2586 How far away ？

Problem Description

There are n houses in the village and some bidirectional roads connecting them. Every day peole always like to ask like this "How far is it if I want to go from house A to house B"? Usually it hard to answer. But luckily int this village the answer is always unique, since the roads are built in the way that there is a unique simple path("simple" means you can't visit a place twice) between every two houses. Yout task is to answer all these curious people.

 

Input

First line is a single integer T(T<=10), indicating the number of test cases.
  For each test case,in the first line there are two numbers n(2<=n<=40000) and m (1<=m<=200),the number of houses and the number of queries. The following n-1 lines each consisting three numbers i,j,k, separated bu a single space, meaning that there is a road connecting house i and house j,with length k(0<k<=40000).The houses are labeled from 1 to n.
  Next m lines each has distinct integers i and j, you areato answer the distance between house i and house j.

 

Output

For each test case,output m lines.

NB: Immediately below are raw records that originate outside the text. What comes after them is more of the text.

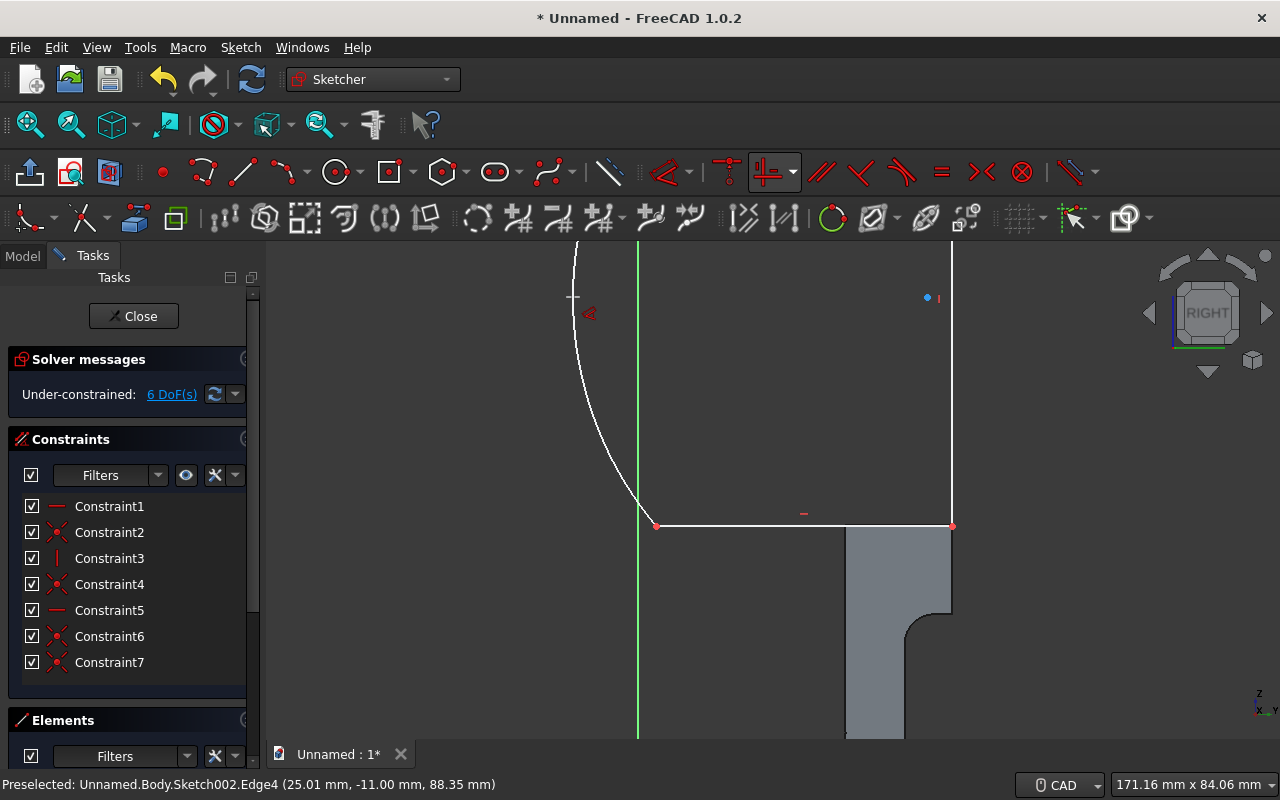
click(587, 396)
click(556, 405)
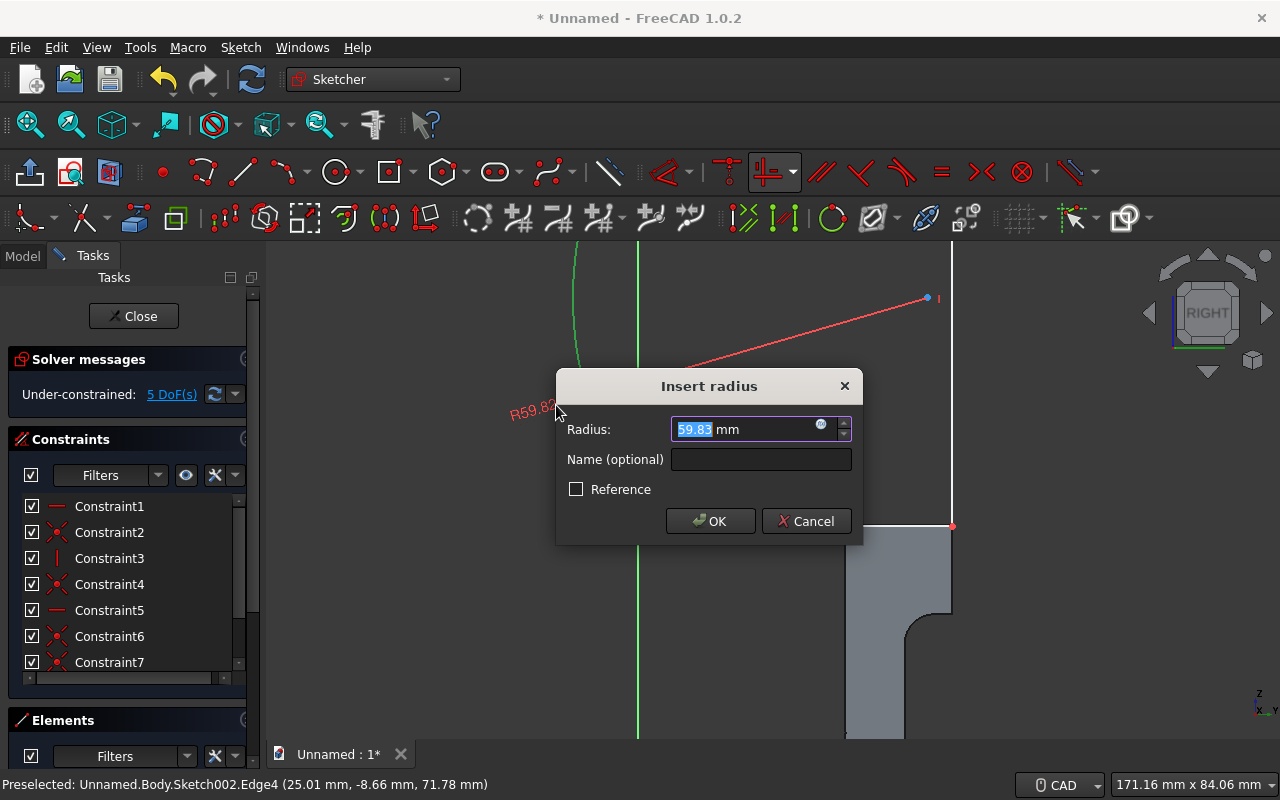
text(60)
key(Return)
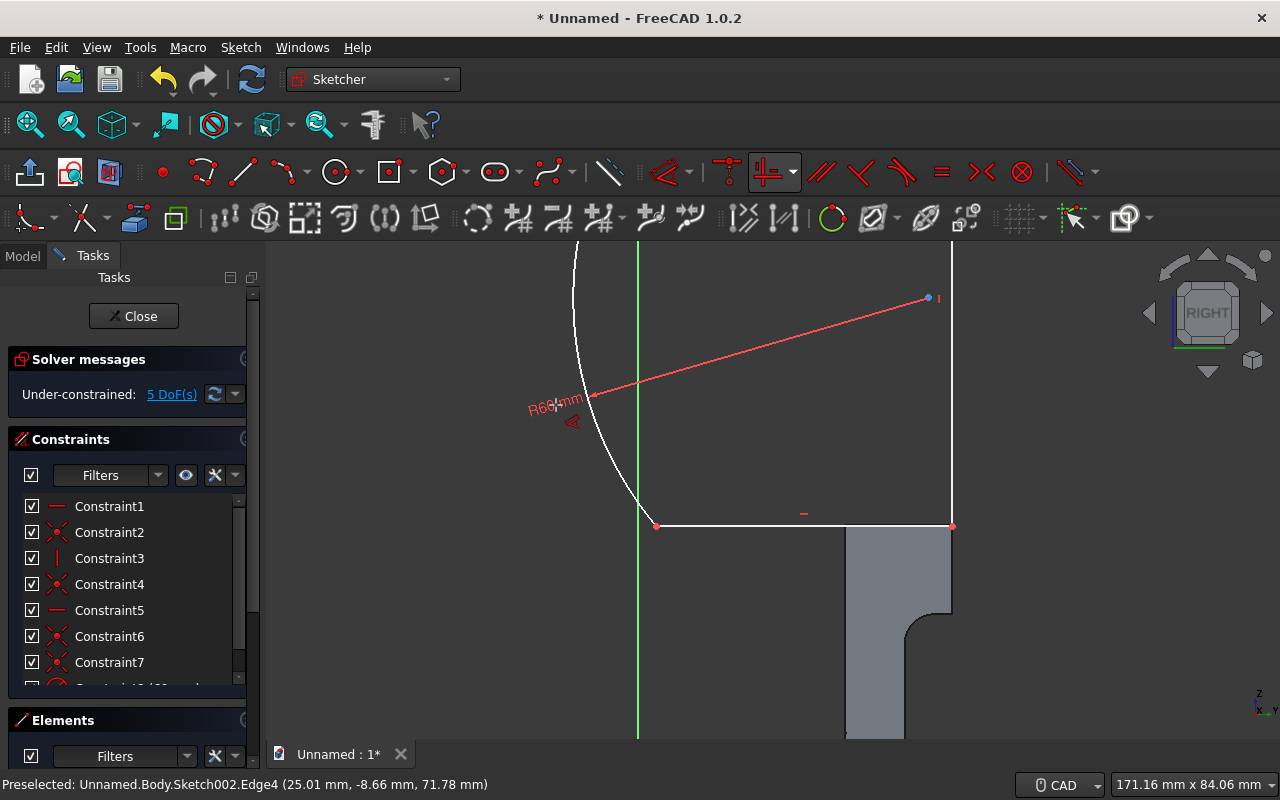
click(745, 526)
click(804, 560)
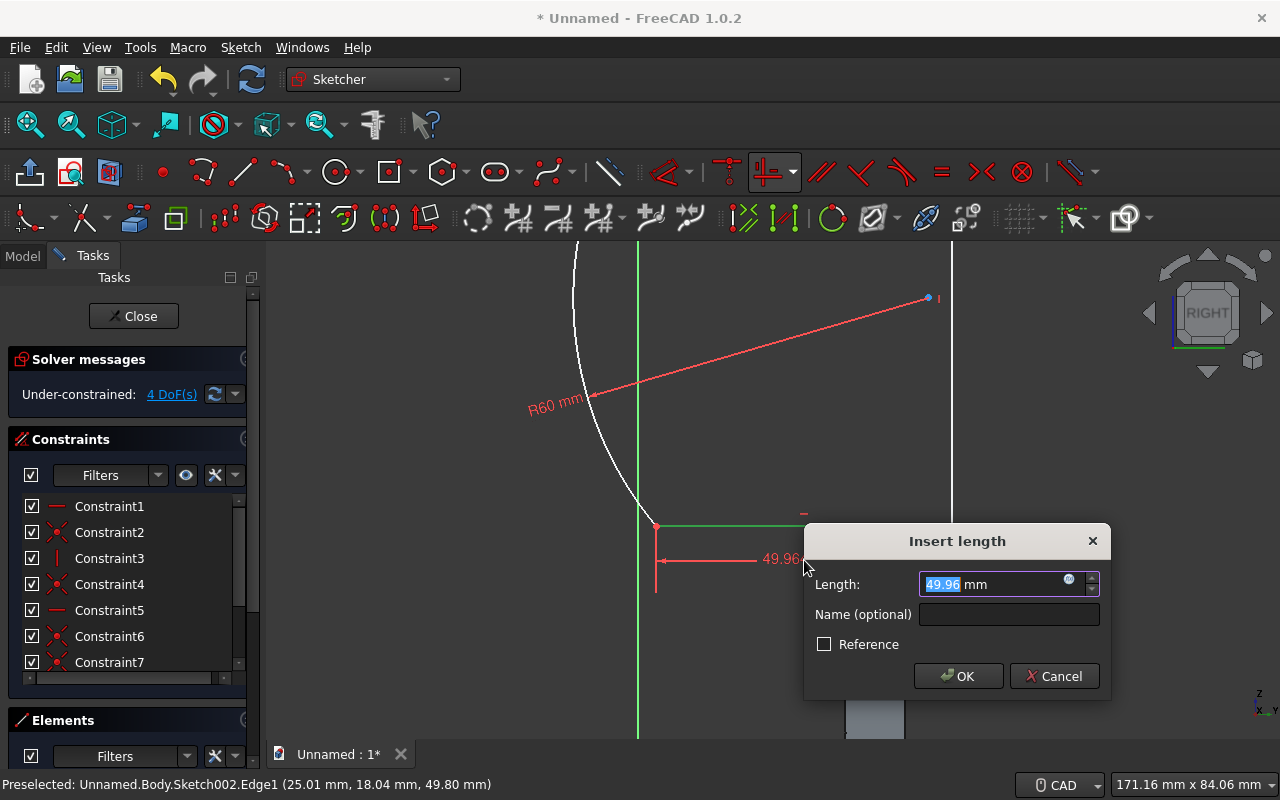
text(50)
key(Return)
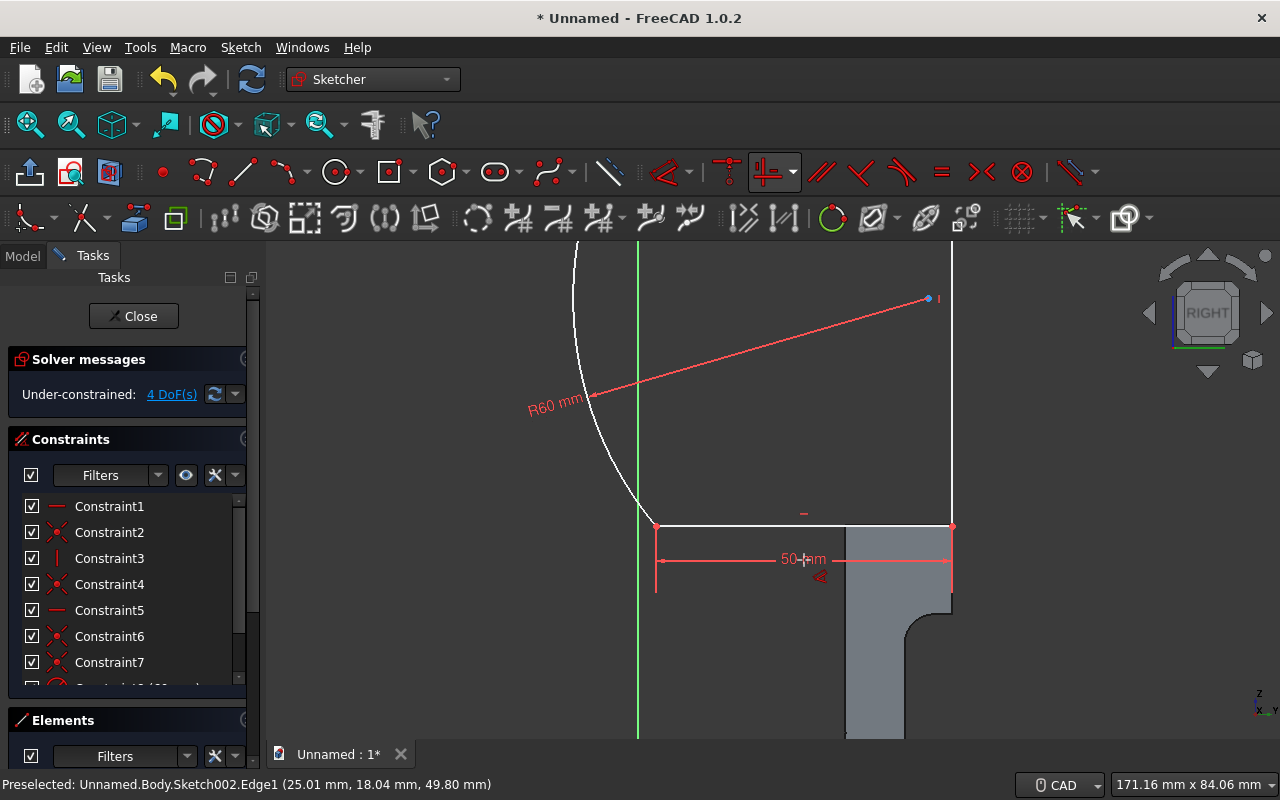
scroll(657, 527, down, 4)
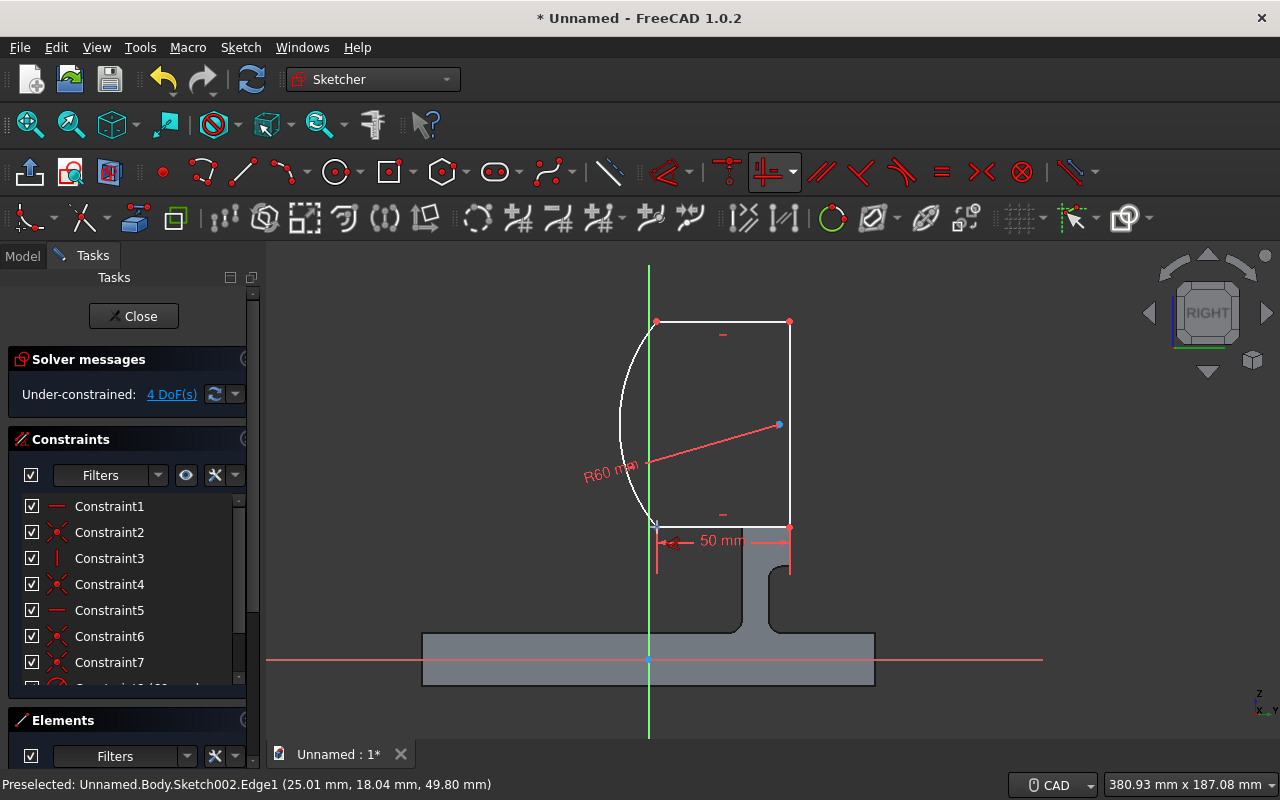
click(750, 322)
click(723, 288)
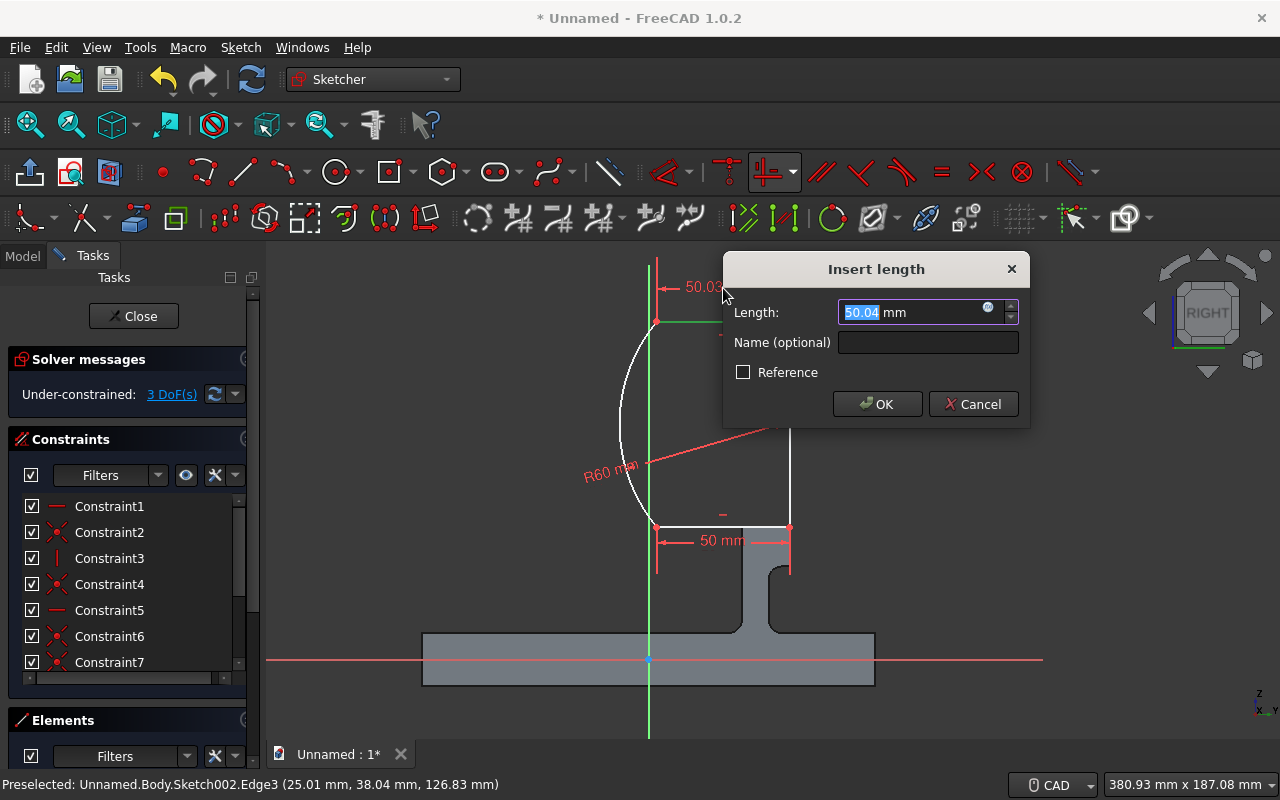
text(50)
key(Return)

Each line represents the answer of the query. Output a bland line after each test case.

 

Sample Input

2
3 2
1 2 10
3 1 15
1 2
2 3

2 2
1 2 100
1 2
2 1

 

Sample Output

10
25
100
100

这里才用的是单源最短路径，注意在不能到达的时候，输出是0！

#include <iostream>
#include <queue>
using namespace std;
const int size=40001;
const int maxs=2000000000;
struct node 
{
	int a;
	int b;
	int dis;
	node *next;
};
unsigned int dis[size];
node *mynode[size]={0};
bool visited[size]={0};
int start,end;
int main()
{
	for (int j=0;j<size;++j)
	{
		mynode[j]=NULL;
		dis[j]=maxs;
		visited[j]=0;
	}

	queue<node*> q;
	int T,n,m,a,b,c;
	cin>>T;
	while (T>0)
	{
		cin>>n>>m;
		while (n-1>0)
		{
			cin>>a>>b>>c;
			node *na=new node;
			node *nb=new node;
			na->a=nb->b=a;
			na->b=nb->a=b;
			na->dis=nb->dis=c;
			if (mynode[a]==NULL)
			{
				mynode[a]=na;
				na->next=NULL;
			}
			else
			{
				na->next=mynode[a];
				mynode[a]=na;
			}
			if (mynode[b]==NULL)
			{
				mynode[b]=nb;
				nb->next=NULL;
			}
			else
			{
				nb->next=mynode[b];
				mynode[b]=nb;
			}		
			--n;
		}
		while (m>0)
		{
			int sum=-1;
			node *temp;
			cin>>a>>b;
			start=a;
			end=b;
			dis[start]=0;
			temp=mynode[a];
			while (temp!=NULL)
			{
				dis[temp->b]=temp->dis;
				q.push(temp);
				visited[temp->a]=visited[temp->b]=1;
				temp=temp->next;
			}
			while (!q.empty())
			{
				temp=q.front();
				q.pop();
				
				temp=mynode[temp->b];
				while (temp!=NULL)
				{
					if (!visited[temp->b])
					{
						q.push(temp);
						visited[temp->b]=1;
					}
					if (dis[temp->b]>dis[temp->a]+temp->dis)
						dis[temp->b]=dis[temp->a]+temp->dis;
					temp=temp->next;
				}
			}
			if (dis[end]==maxs)
				cout<<0<<endl;
			else cout<<dis[end]<<endl;
			--m;
			for (int j=0;j<size;++j)
			{
				dis[j]=maxs;
				visited[j]=0;
			}
		}
		for (int j=0;j<size;++j)
		{
			node* temp;
			while (mynode[j]!=NULL)
			{
				temp=mynode[j];
				mynode[j]=mynode[j]->next;
				delete temp;
			}
		}
		--T;
	}
	return 0;
}